◆ **WORK REQUIRED**: Look through the data below for the line with "44. sign <box>138,164,142,181</box>" and the line with "52. cardboard box <box>37,294,55,319</box>", then output those two and all lines in between, exactly as written.
══ DATA PROVIDED ══
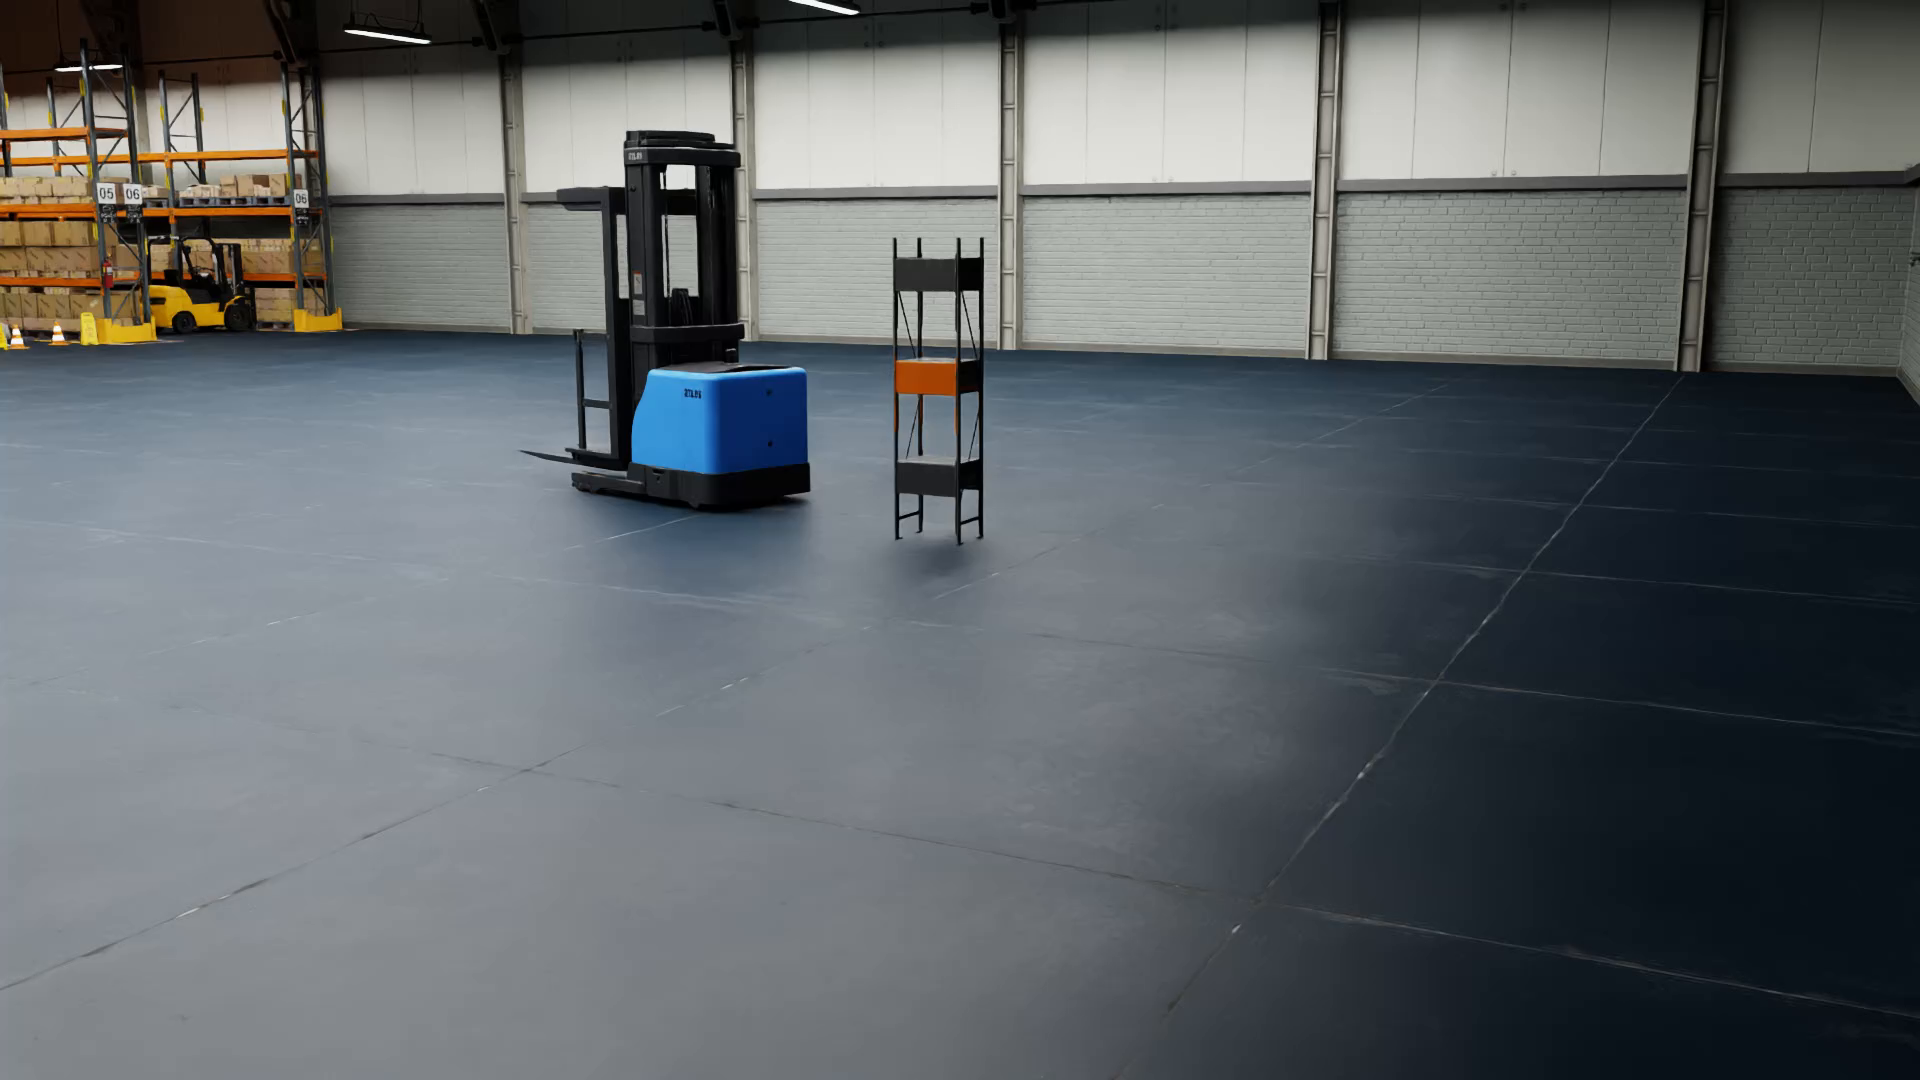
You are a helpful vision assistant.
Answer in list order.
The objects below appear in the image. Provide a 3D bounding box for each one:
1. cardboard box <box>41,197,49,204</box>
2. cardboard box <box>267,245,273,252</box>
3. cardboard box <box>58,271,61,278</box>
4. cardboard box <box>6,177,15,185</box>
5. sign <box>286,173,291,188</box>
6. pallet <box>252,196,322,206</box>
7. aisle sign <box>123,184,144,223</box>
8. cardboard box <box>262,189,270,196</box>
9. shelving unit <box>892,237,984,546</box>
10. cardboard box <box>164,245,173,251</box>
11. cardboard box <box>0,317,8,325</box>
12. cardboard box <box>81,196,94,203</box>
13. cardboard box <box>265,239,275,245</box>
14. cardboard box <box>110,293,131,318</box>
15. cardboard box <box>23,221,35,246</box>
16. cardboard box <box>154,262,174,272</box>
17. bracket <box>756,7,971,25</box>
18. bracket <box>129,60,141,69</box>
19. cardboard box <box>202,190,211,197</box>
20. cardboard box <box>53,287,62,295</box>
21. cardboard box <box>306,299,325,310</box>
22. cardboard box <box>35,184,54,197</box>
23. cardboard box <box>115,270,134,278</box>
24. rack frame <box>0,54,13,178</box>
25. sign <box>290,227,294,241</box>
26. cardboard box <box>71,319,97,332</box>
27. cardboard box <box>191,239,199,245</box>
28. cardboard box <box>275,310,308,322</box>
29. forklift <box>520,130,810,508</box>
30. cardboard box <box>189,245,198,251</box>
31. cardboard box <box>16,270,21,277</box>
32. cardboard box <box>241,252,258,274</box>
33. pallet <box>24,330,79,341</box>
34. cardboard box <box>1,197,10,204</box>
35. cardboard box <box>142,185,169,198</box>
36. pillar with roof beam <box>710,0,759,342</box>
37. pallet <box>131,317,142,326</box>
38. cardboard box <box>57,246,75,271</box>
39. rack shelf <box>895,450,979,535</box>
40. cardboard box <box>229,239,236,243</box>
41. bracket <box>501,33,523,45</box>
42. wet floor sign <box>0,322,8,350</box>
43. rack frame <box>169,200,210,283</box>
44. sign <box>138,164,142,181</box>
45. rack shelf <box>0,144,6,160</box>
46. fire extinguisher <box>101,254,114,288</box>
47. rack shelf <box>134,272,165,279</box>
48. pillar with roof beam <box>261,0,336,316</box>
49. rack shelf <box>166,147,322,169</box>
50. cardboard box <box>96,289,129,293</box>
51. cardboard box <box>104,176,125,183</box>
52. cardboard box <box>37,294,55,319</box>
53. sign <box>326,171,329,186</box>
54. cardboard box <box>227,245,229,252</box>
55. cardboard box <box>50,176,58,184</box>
[{"bbox_3d":[-18.734,-7.016,34.356,0.250,0.149,0.380,5,11,24],"label":"cardboard box"},{"bbox_3d":[-15.844,-6.764,38.581,0.250,0.149,0.380,5,12,27],"label":"cardboard box"},{"bbox_3d":[-18.492,-5.530,34.570,0.250,0.149,0.380,5,11,27],"label":"cardboard box"},{"bbox_3d":[-19.655,-7.483,34.699,0.250,0.149,0.380,5,11,24],"label":"cardboard box"},{"bbox_3d":[-15.214,-8.155,37.680,0.005,0.325,0.100,5,11,26],"label":"sign"},{"bbox_3d":[-15.584,-7.860,38.563,1.213,0.211,1.003,5,11,26],"label":"pallet"},{"bbox_3d":[-16.961,-6.899,34.125,0.004,0.787,0.394,5,11,26],"label":"aisle sign"},{"bbox_3d":[-15.838,-7.993,38.293,0.250,0.149,0.380,5,11,24],"label":"cardboard box"},{"bbox_3d":[-0.148,-1.046,11.615,0.503,2.100,0.431,5,11,26],"label":"shelving unit"},{"bbox_3d":[-18.953,-7.043,40.119,0.250,0.149,0.380,5,12,28],"label":"cardboard box"},{"bbox_3d":[-20.331,-4.654,35.564,0.500,0.250,0.500,4,11,23],"label":"cardboard box"},{"bbox_3d":[-17.598,-6.911,33.774,0.250,0.149,0.380,5,11,26],"label":"cardboard box"},{"bbox_3d":[-15.857,-6.908,38.538,0.250,0.149,0.380,5,12,27],"label":"cardboard box"},{"bbox_3d":[-17.776,-4.907,34.856,0.500,0.500,0.500,5,11,24],"label":"cardboard box"},{"bbox_3d":[-19.048,-6.394,34.713,0.500,0.500,0.700,5,11,25],"label":"cardboard box"},{"bbox_3d":[-19.116,-6.607,40.235,0.500,0.250,0.500,5,12,27],"label":"cardboard box"},{"bbox_3d":[-1.884,-10.050,31.887,4.783,0.066,0.076,5,11,26],"label":"bracket"},{"bbox_3d":[-20.352,-11.673,40.854,0.430,0.232,0.235,5,11,26],"label":"bracket"},{"bbox_3d":[-17.591,-8.147,39.144,0.250,0.149,0.380,5,12,28],"label":"cardboard box"},{"bbox_3d":[-18.571,-5.177,34.524,0.250,0.149,0.380,5,12,27],"label":"cardboard box"},{"bbox_3d":[-15.291,-5.538,39.043,0.500,0.250,0.500,5,12,27],"label":"cardboard box"},{"bbox_3d":[-18.650,-7.201,34.256,0.500,0.250,0.500,5,12,27],"label":"cardboard box"},{"bbox_3d":[-17.367,-5.511,34.463,0.250,0.149,0.380,5,11,26],"label":"cardboard box"},{"bbox_3d":[-20.741,-8.842,35.317,0.127,3.000,1.000,5,11,26],"label":"rack frame"},{"bbox_3d":[-15.214,-6.969,37.895,0.005,0.325,0.100,5,11,26],"label":"sign"},{"bbox_3d":[-18.019,-4.451,34.442,0.500,0.250,0.500,5,11,26],"label":"cardboard box"},{"bbox_3d":[-18.111,-7.122,39.721,0.250,0.149,0.380,5,11,27],"label":"cardboard box"},{"bbox_3d":[-15.522,-5.208,38.625,0.500,0.250,0.500,5,11,26],"label":"cardboard box"},{"bbox_3d":[-2.631,-1.888,13.930,3.031,2.935,1.130,10,14,43],"label":"forklift"},{"bbox_3d":[-18.146,-6.964,39.684,0.250,0.149,0.380,5,12,27],"label":"cardboard box"},{"bbox_3d":[-19.640,-5.622,35.074,0.250,0.149,0.380,5,11,26],"label":"cardboard box"},{"bbox_3d":[-16.439,-6.496,38.922,0.500,0.500,0.500,5,11,25],"label":"cardboard box"},{"bbox_3d":[-19.025,-4.375,35.309,1.213,0.211,1.003,5,11,26],"label":"pallet"},{"bbox_3d":[-19.882,-7.121,34.937,0.250,0.149,0.380,5,12,28],"label":"cardboard box"},{"bbox_3d":[-19.305,-8.389,40.028,0.500,0.311,0.500,5,11,24],"label":"cardboard box"},{"bbox_3d":[-6.330,-7.885,30.032,0.548,9.000,9.100,5,11,26],"label":"pillar with roof beam"},{"bbox_3d":[-20.324,-5.459,41.298,1.213,0.211,1.003,5,11,26],"label":"pallet"},{"bbox_3d":[-18.210,-5.809,34.290,0.500,0.500,0.500,5,11,26],"label":"cardboard box"},{"bbox_3d":[-0.148,-0.344,11.742,0.480,0.518,0.431,5,11,26],"label":"rack shelf"},{"bbox_3d":[-16.972,-7.020,39.156,0.250,0.149,0.380,5,11,26],"label":"cardboard box"},{"bbox_3d":[-9.591,-10.728,35.629,0.430,0.232,0.235,5,11,26],"label":"bracket"},{"bbox_3d":[-18.351,-3.932,31.642,0.232,0.644,0.267,3,11,16],"label":"wet floor sign"},{"bbox_3d":[-18.548,-6.683,40.233,0.127,3.000,1.000,5,11,26],"label":"rack frame"},{"bbox_3d":[-16.914,-7.568,34.244,0.005,0.325,0.100,5,11,26],"label":"sign"},{"bbox_3d":[-22.535,-8.449,36.288,4.000,0.370,1.077,5,11,26],"label":"rack shelf"},{"bbox_3d":[-17.255,-5.454,33.660,0.183,0.674,0.296,5,11,26],"label":"fire extinguisher"},{"bbox_3d":[-20.342,-6.487,41.168,4.000,0.370,1.077,5,11,26],"label":"rack shelf"},{"bbox_3d":[-17.091,-8.831,35.257,0.548,9.000,9.100,5,11,26],"label":"pillar with roof beam"},{"bbox_3d":[-16.755,-8.927,38.928,4.000,0.370,1.077,5,11,26],"label":"rack shelf"},{"bbox_3d":[-20.992,-5.935,41.588,0.625,0.625,0.875,5,12,28],"label":"cardboard box"},{"bbox_3d":[-17.382,-7.380,34.129,0.250,0.149,0.380,5,11,25],"label":"cardboard box"},{"bbox_3d":[-18.907,-4.900,34.819,0.500,0.500,0.500,5,11,24],"label":"cardboard box"},{"bbox_3d":[-14.710,-8.401,38.627,0.005,0.325,0.100,5,11,26],"label":"sign"},{"bbox_3d":[-17.001,-6.859,39.105,0.250,0.149,0.380,5,11,25],"label":"cardboard box"},{"bbox_3d":[-18.460,-7.391,34.191,0.250,0.149,0.380,5,11,26],"label":"cardboard box"}]
═══
◆ **EXERCISE RESULT**:
44. sign <box>138,164,142,181</box>
45. rack shelf <box>0,144,6,160</box>
46. fire extinguisher <box>101,254,114,288</box>
47. rack shelf <box>134,272,165,279</box>
48. pillar with roof beam <box>261,0,336,316</box>
49. rack shelf <box>166,147,322,169</box>
50. cardboard box <box>96,289,129,293</box>
51. cardboard box <box>104,176,125,183</box>
52. cardboard box <box>37,294,55,319</box>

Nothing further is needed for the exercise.